Introduction
AI workloads are no longer confined to a single data center. They’re often distributed across multiple clouds and edge locations. Consequently, the need for flawless network synchronization has surged. Yet, one rarely monitored network performance metric—unlike packet drops or utilization—remains the primary obstacle: packet delay variation, or jitter.
Microsecond delays can rapidly escalate into massive cost overruns. GPUs must wait at synchronization barriers for the slowest node, resulting in nonlinear spikes in idle time and dramatic increases in workload duration. Moreover, cloud GPU billing is based on elapsed time—the duration a GPU-attached virtual machine (VM) or instance remains provisioned and running, regardless of actual utilization. This means even minor jitter can translate into thousands of dollars per day in added charges from the hyperscalers many organizations rely on for AI infrastructure.
Recent research from Juniper Networks dramatically illustrates this.1
In highly controlled data center tests using NCCL workloads on a 32-NVIDIA A100 GPU cluster, Juniper injected 20-100 microseconds of jitter and observed the following results (as shown in the graph):
- Baseline (no injected jitter): 12 minutes per iteration
- With 20 µs of jitter: 18.4 minutes (53% longer; ~35% of total runtime as added idle time)
- With 50 µs of jitter: 31.1 minutes (159% longer; ~61% of total runtime as added idle time)
- With 100 µs of jitter: unstable convergence and complete stalls.
The cost of a cloud service provider’s 512 A100 GPU cluster can easily exceed $20,000 per day—even at the low end.
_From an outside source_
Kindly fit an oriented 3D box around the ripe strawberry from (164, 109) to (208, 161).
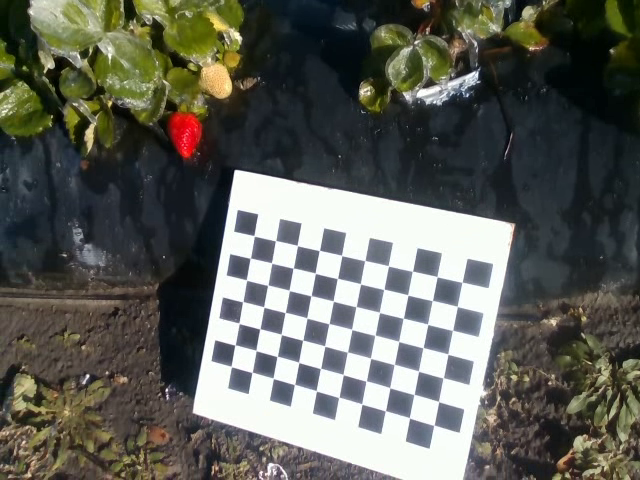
[{"bbox_3d":[-0.147,-0.112,0.616,0.041,0.052,0.040,-6,-6,13],"label":"ripe strawberry"}]

As Juniper’s test results show, this can easily include thousands of dollars in charges for GPU idle time caused by jitter.
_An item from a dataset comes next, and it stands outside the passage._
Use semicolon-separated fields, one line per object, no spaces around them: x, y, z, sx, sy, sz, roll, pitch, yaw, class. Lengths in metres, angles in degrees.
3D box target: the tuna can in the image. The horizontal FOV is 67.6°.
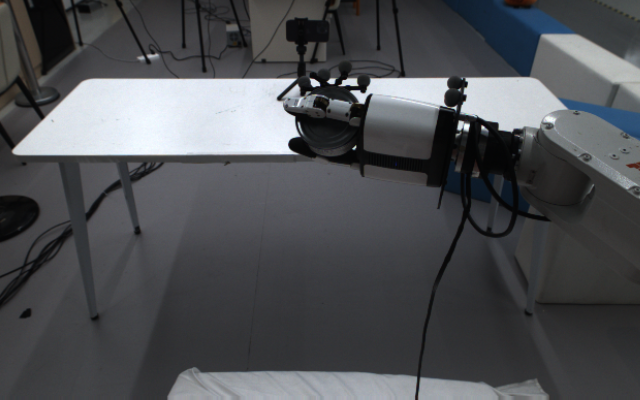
0.013;-0.102;0.624;0.085;0.034;0.085;-3;73;10;tuna can

Several factors contribute to jitter in AI environments: bursty, large-payload traffic from workloads that collides in shared networks; competition for resources in virtualized environments; and overhead from overlays like VXLAN—all of which introduce packet timing variations.
When AI workloads span multiple clouds and edge environments, jitter becomes even more pronounced. Cross-region hops in multi-cloud setups accumulate queuing delays. At the edge—where private 5G networks are common—mmWave signals are highly sensitive to obstacles, causing multipath fading that makes packet arrivals unpredictable. This is especially critical for real-time edge inference in applications like autonomous vehicles, smart factories, or AR/VR.
Jitter’s Knock-on Effect in Distributed AI Deployments
In distributed environments where AI workloads rely heavily on TCP for ordered, reliable packet delivery, jitter’s impact goes well beyond mere latency. It can lead to network throughput collapse. The reason is TCP’s congestion control algorithms (CCAs) that operate at the network transport layer (layer 4) consistently interpret jitter as a sign of congestion. To prevent data loss, TCP retransmits packets and throttles traffic even when the network isn’t saturated, and jitter stems from other factors.
Why Not Just Replace TCP?
In controlled data center environments, AI workloads can avoid TCP’s jitter response by using RDMA to copy data directly from one server’s memory to another’s, bypassing the OS network stack entirely. However, RDMA is generally impractical beyond the core data center, due to its specialized infrastructure requirements and reliance on lossless networking, which multicloud and wireless edge networks cannot guarantee.
Despite its flaws, TCP remains the backbone of distributed AI for good reason. TCP’s ordered, reliable delivery semantics make it ideal for AI workloads that depend on deterministic outcomes. Frameworks like PyTorch Distributed and Horovod are deeply tied to TCP, as are orchestration tools, monitoring platforms, and SLAs.
TCP is thoroughly embedded in the AI ecosystem—and ripping it out would come at a prohibitive cost. While protocols like QUIC offer potential, they lack TCP’s widespread adoption, particularly in AI frameworks. Replacing TCP would require rewriting distributed frameworks and re-architecting cloud and edge stacks, as well as retraining operations teams and risking compatibility issues throughout the entire AI pipeline. The only practical solution is to fix TCP’s flawed jitter response.
Traditional Remedies Fall Short
While TCP’s congestion control algorithms operate at the network transport layer, most network performance solutions don’t, or are only marginally effective if they do. Some make the problem worse:
- Bandwidth upgrades offer only a temporary fix. As traffic rises to the level of new capacity, the incidence of jitter-induced throughput collapse goes up in tandem. This leads to yet another round of costly and disruptive upgrades.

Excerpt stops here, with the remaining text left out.